The new bachelor’s degree in Automotive Technology Management, which Fayek and Auto Tech chair Dave Capitolo helped design, was created to provide new career opportunities for students – particularly those from historically underserved groups – who may not be able to afford the higher cost of pursuing a four-year degree at a university. Fayek says that makes it an “equity breakthrough.”
Fayek came to De Anza in 2012 after a career that included time in private industry as well as teaching and serving as a department chair at California State University, Chico. As dean of the Business, Computer Science and Applied Technologies Division, he oversees Accounting, Auto Tech, Business, Computer Information Systems, Design and Manufacturing Technologies and Real Estate.
In that role, Fayek helped lead the effort to develop new noncredit course offerings in several subjects. He also successfully negotiated with the California Department of Real Estate to accept De Anza’s noncredit courses for state licensing requirements.
Fayek previously served in 2016-17 as interim vice president of Workforce Development and Institutional Advancement at Foothill College, where he helped revamp the workforce apprenticeship program. While at De Anza, he has been a member of shared governance committees including College Council, the Instructional Planning and Budget Team, the Program Allocation Committee and the Foothill-De Anza district Educational Technology Advisory Committee.

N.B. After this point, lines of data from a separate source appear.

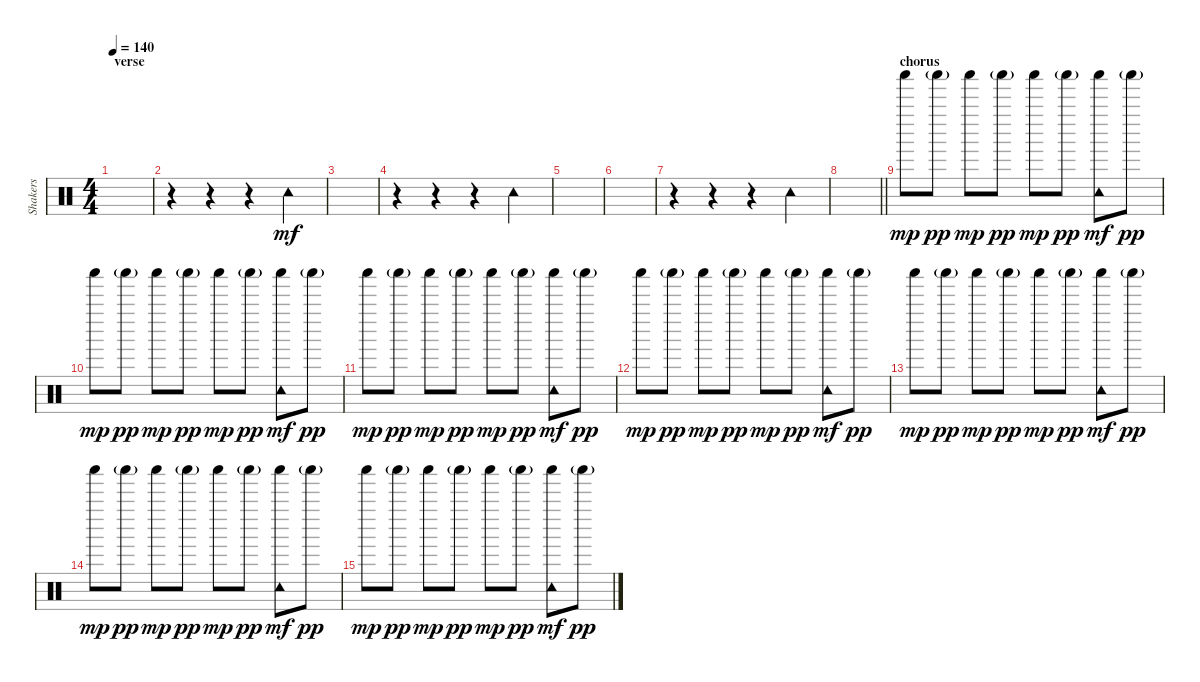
\track ("Shakers" "Shakers") {instrument percussion}
\staff {score}
\articulation defaults
\ts (4 4)
\section ("" "verse")
\tempo 140
\clef neutral
\ks c
|
r.4 r.4 r.4 "Tambourine (hit)".4{dy mf} |
|
r.4 r.4 r.4 "Tambourine (hit)".4 |
|
|
r.4 r.4 r.4 "Tambourine (hit)".4 |
\barLineRight lightlight
|
\section ("" "chorus")
"Shaker (hit)".8{dy mp} "Shaker (hit)"{g}.8{dy pp} "Shaker (hit)".8{dy mp} "Shaker (hit)"{g}.8{dy pp} "Shaker (hit)".8{dy mp} "Shaker (hit)"{g}.8{dy pp} ("Shaker (hit)" "Tambourine (hit)").8{dy mf} "Shaker (hit)"{g}.8{dy pp} |
"Shaker (hit)".8{dy mp} "Shaker (hit)"{g}.8{dy pp} "Shaker (hit)".8{dy mp} "Shaker (hit)"{g}.8{dy pp} "Shaker (hit)".8{dy mp} "Shaker (hit)"{g}.8{dy pp} ("Shaker (hit)" "Tambourine (hit)").8{dy mf} "Shaker (hit)"{g}.8{dy pp} |
"Shaker (hit)".8{dy mp} "Shaker (hit)"{g}.8{dy pp} "Shaker (hit)".8{dy mp} "Shaker (hit)"{g}.8{dy pp} "Shaker (hit)".8{dy mp} "Shaker (hit)"{g}.8{dy pp} ("Shaker (hit)" "Tambourine (hit)").8{dy mf} "Shaker (hit)"{g}.8{dy pp} |
"Shaker (hit)".8{dy mp} "Shaker (hit)"{g}.8{dy pp} "Shaker (hit)".8{dy mp} "Shaker (hit)"{g}.8{dy pp} "Shaker (hit)".8{dy mp} "Shaker (hit)"{g}.8{dy pp} ("Shaker (hit)" "Tambourine (hit)").8{dy mf} "Shaker (hit)"{g}.8{dy pp} |
"Shaker (hit)".8{dy mp} "Shaker (hit)"{g}.8{dy pp} "Shaker (hit)".8{dy mp} "Shaker (hit)"{g}.8{dy pp} "Shaker (hit)".8{dy mp} "Shaker (hit)"{g}.8{dy pp} ("Shaker (hit)" "Tambourine (hit)").8{dy mf} "Shaker (hit)"{g}.8{dy pp} |
"Shaker (hit)".8{dy mp} "Shaker (hit)"{g}.8{dy pp} "Shaker (hit)".8{dy mp} "Shaker (hit)"{g}.8{dy pp} "Shaker (hit)".8{dy mp} "Shaker (hit)"{g}.8{dy pp} ("Shaker (hit)" "Tambourine (hit)").8{dy mf} "Shaker (hit)"{g}.8{dy pp} |
"Shaker (hit)".8{dy mp} "Shaker (hit)"{g}.8{dy pp} "Shaker (hit)".8{dy mp} "Shaker (hit)"{g}.8{dy pp} "Shaker (hit)".8{dy mp} "Shaker (hit)"{g}.8{dy pp} ("Shaker (hit)" "Tambourine (hit)").8{dy mf} "Shaker (hit)"{g}.8{dy pp}

In 2021, Fayek was given an Equity Champion Award by De Anza's Equity Action Council, which noted that he personally emailed words of encouragement to at-risk students, used his own money to purchase textbooks for students to borrow and created the Business lab as a space where students can study and obtain homework assistance.
Fayek has a bachelor’s degree in Electrical Engineering from Cairo University, a master’s degree in Computer Science from California State University, Chico, and a doctorate in Community College Leadership from Ferris State University. In his free time, he enjoys reading and going for walks.